SyringeDrawQuestion: One of our phlebotomists always uses a 20ml syringe to draw patients requiring many tests. It seems to me she needs to be trained to use tube holders instead. According to the standards, are there any circumstances in which a syringe would be preferred over a tube holder system?

Our Response: The CLSI standards don't address device selection with one exception: it states syringes with needles should be avoided whenever possible due to the increased risk of needlesticks.

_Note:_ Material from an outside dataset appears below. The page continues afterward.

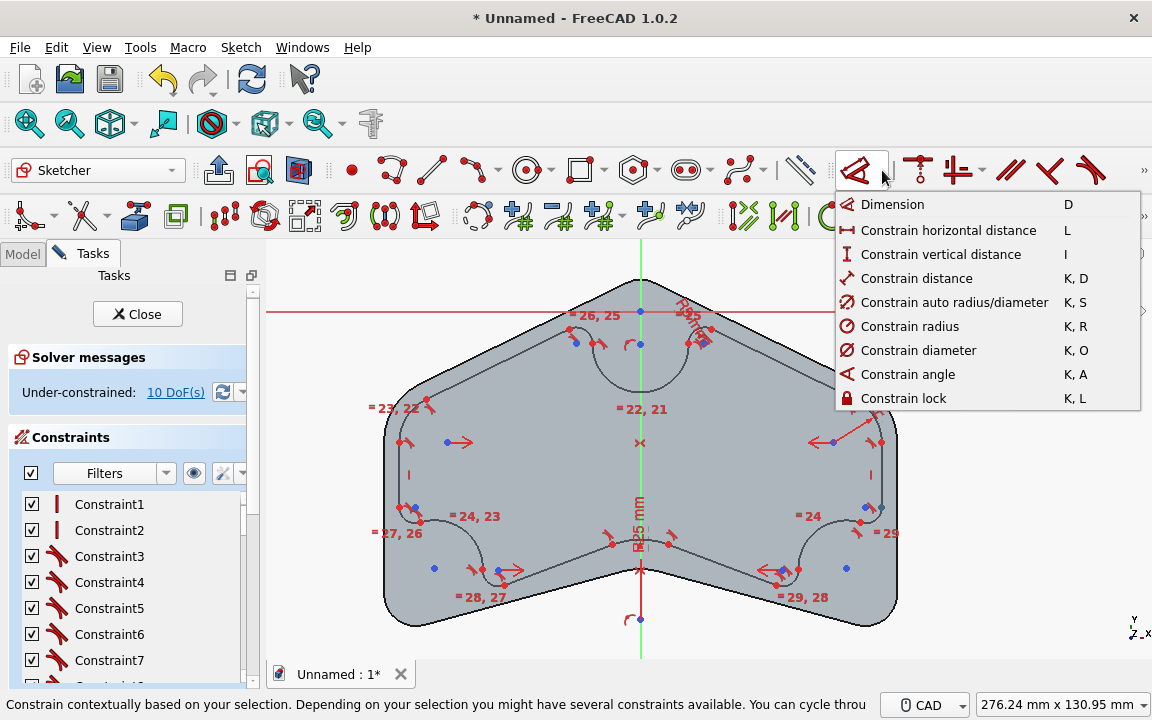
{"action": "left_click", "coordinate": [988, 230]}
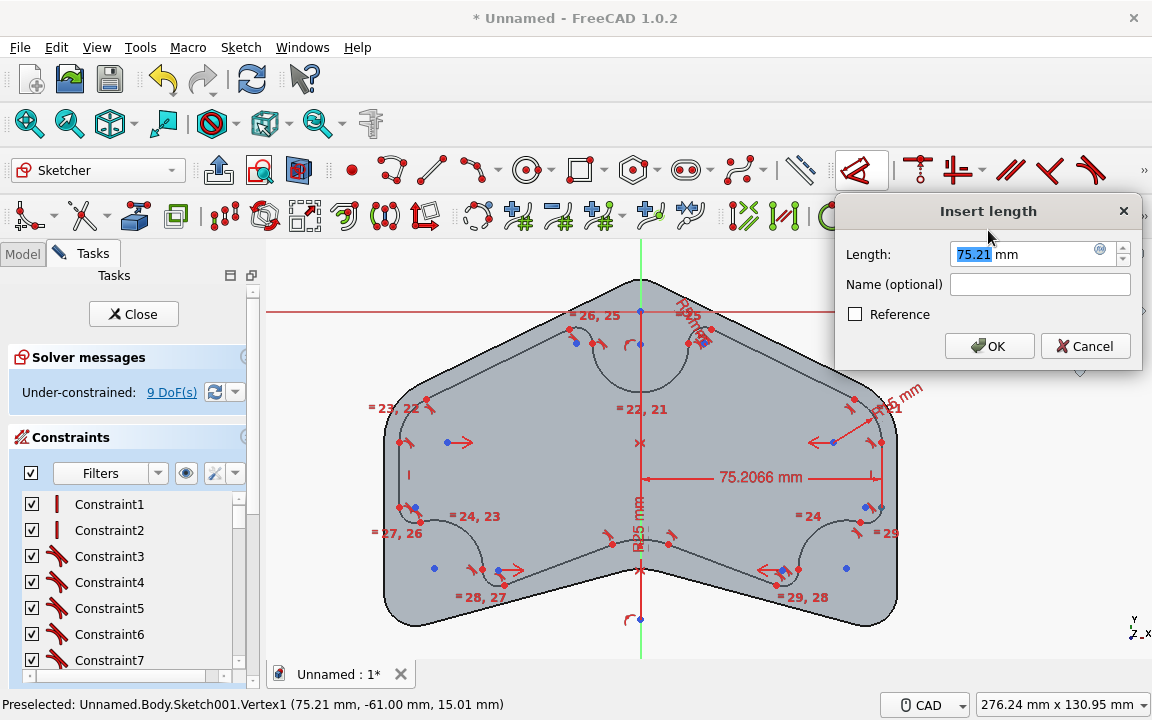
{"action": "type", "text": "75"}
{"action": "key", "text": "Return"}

That's because syringes are the device in use when most healthcare professionals sustain accidental needlesticks. So the phlebotomist's choice is pretty much a matter of personal preference unless it is established in the facility's policy. We agree syringe use should be minimized. Besides the safety concern, a 20cc syringe adds to the cost of the procedure and should only be used when the vein selected requires it, i.e., is fragile or anticipated to collapse when the full vacuum of the tube is applied.

Perhaps the person feels more comfortable with syringes, and uses them on every patient. That, then, becomes a matter of retraining for versatility. Sarstedt (Newton, North Carolina) offers a blood collection product that incorporates the evacuated tube method and syringe-draw process into one system where the tube itself can be filled via aspiration, similar to a syringe draw.

If one-on-one coaching won't decrease use and changing systems is not possible, you should put it into your policies and procedures so that syringe overuse is easier to discipline.